FOR NO PARTICULAR REASON except that I just ran across it, while looking for something else, here's a piece I wrote for the Oakland Tribune on September 2, 1979:
APTOS--"Why can't musicians compose what audiences want to hear?"
The anguished question was directed toward a six-composer panel at the Cabrillo Festival here last week, and it stated a problem composers have faced for decades.
There's a continual distrust of new music. It's a joke, or it's too abstruse, or ugly. "My kid could make noises like that."
All six composers at the panel agreed that they didn't set out to compose music that audiences wouldn't want to hear. But it took 83-year-old Virgil Thomson to dissect the question with his scalpel-like intellect.
"The trouble is, 'audience' is a collective noun. You have to be very careful when you throw that word around. Audiences respond as a group. (That's why record reviewing is spiteful; because it's solitary.)"
At this point Garret List, a young trombonist-composer straddling new music and jazz, interrupted Thomson: "Who do you write for?" Thomson continued to elaborate his point:
"An 'audience' figures as sociology and economics, not esthetics."
Garret List wasn't listening. "Who do you write for, Virgil? Virgil?" He snapped his fingers to get Thomson's attention.
"No one knows what an audience is going to like," Thomson continued. "Or what a management can sell to an audience. And audiences are bullied. And we can only know what an 'audience' liked last year.
"There are fashions, trends--in orchestral tricks, or whatever--that follow unconscious folklore patterns. They are very hard to predict.'
He never let on that he'd heard List, but suddenly answered him.
"Gertrude (Stein) used to say, 'I write for myself and strangers."' List nodded agreement. So did the others.
"I am the listener I puzzle over when I'm composing," Eric Stokes said.
"Exactly," said Thomson. "And any passage that bores you a tiny little bit will bore others more. You can bet on it."
Which brought up another question: did these composers aim at complex or simple music?
"Simplicity," Lou Harrison said. "I always remember something Schoenberg told me when I studied with him: 'Nothing but the essentials."'
"Depends on the music," Thomson elaborated. "If I aim consciously it's toward simplicity where possible; but if complexity is necessary, not to fear it. I tend to think music isn't finished if you can subtract anything without injury. Music is a complex affair; the more we can simplify it, maybe, the better."

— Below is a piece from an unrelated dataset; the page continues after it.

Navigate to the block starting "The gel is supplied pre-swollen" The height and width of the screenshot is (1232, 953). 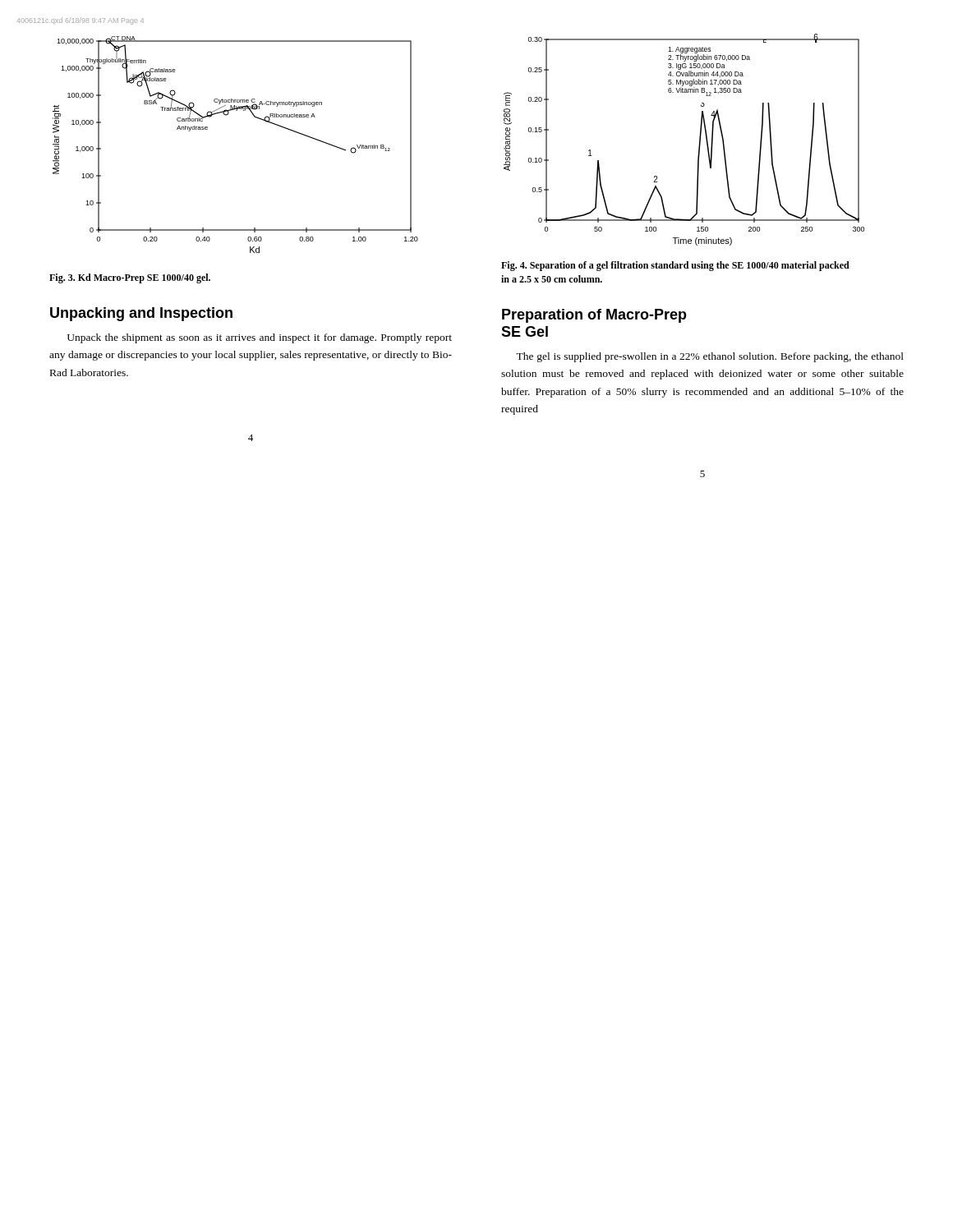(702, 383)

Some one asked about foundation grants.
"I think we had a more independent attitude before," Harrison answered. "Post-Depression young people can't conceive of grubbing."
The young composers disagreed. Foundation grants are "a lottery," List said. "There's not enough money."

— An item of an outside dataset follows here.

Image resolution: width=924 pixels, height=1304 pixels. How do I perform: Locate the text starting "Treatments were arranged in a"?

"There are more composers now," Stokes pointed out.
But they allowed that they made a living somehow. How do composers make a living, someone in the audience wanted to know.
"The answer to that question is that it's none of your business how we make a living," Thomson replied. "How we compose is another matter."
There was laughter, then silence. Then, in a rare burst of emotion, Thomson summed it all up. He pointed toward something overhead; the small silent gesture galvanized the audience and panel.
"Calling," he announced. "We're playing a game of life or death. We must find ways of answering the calling--or choose death."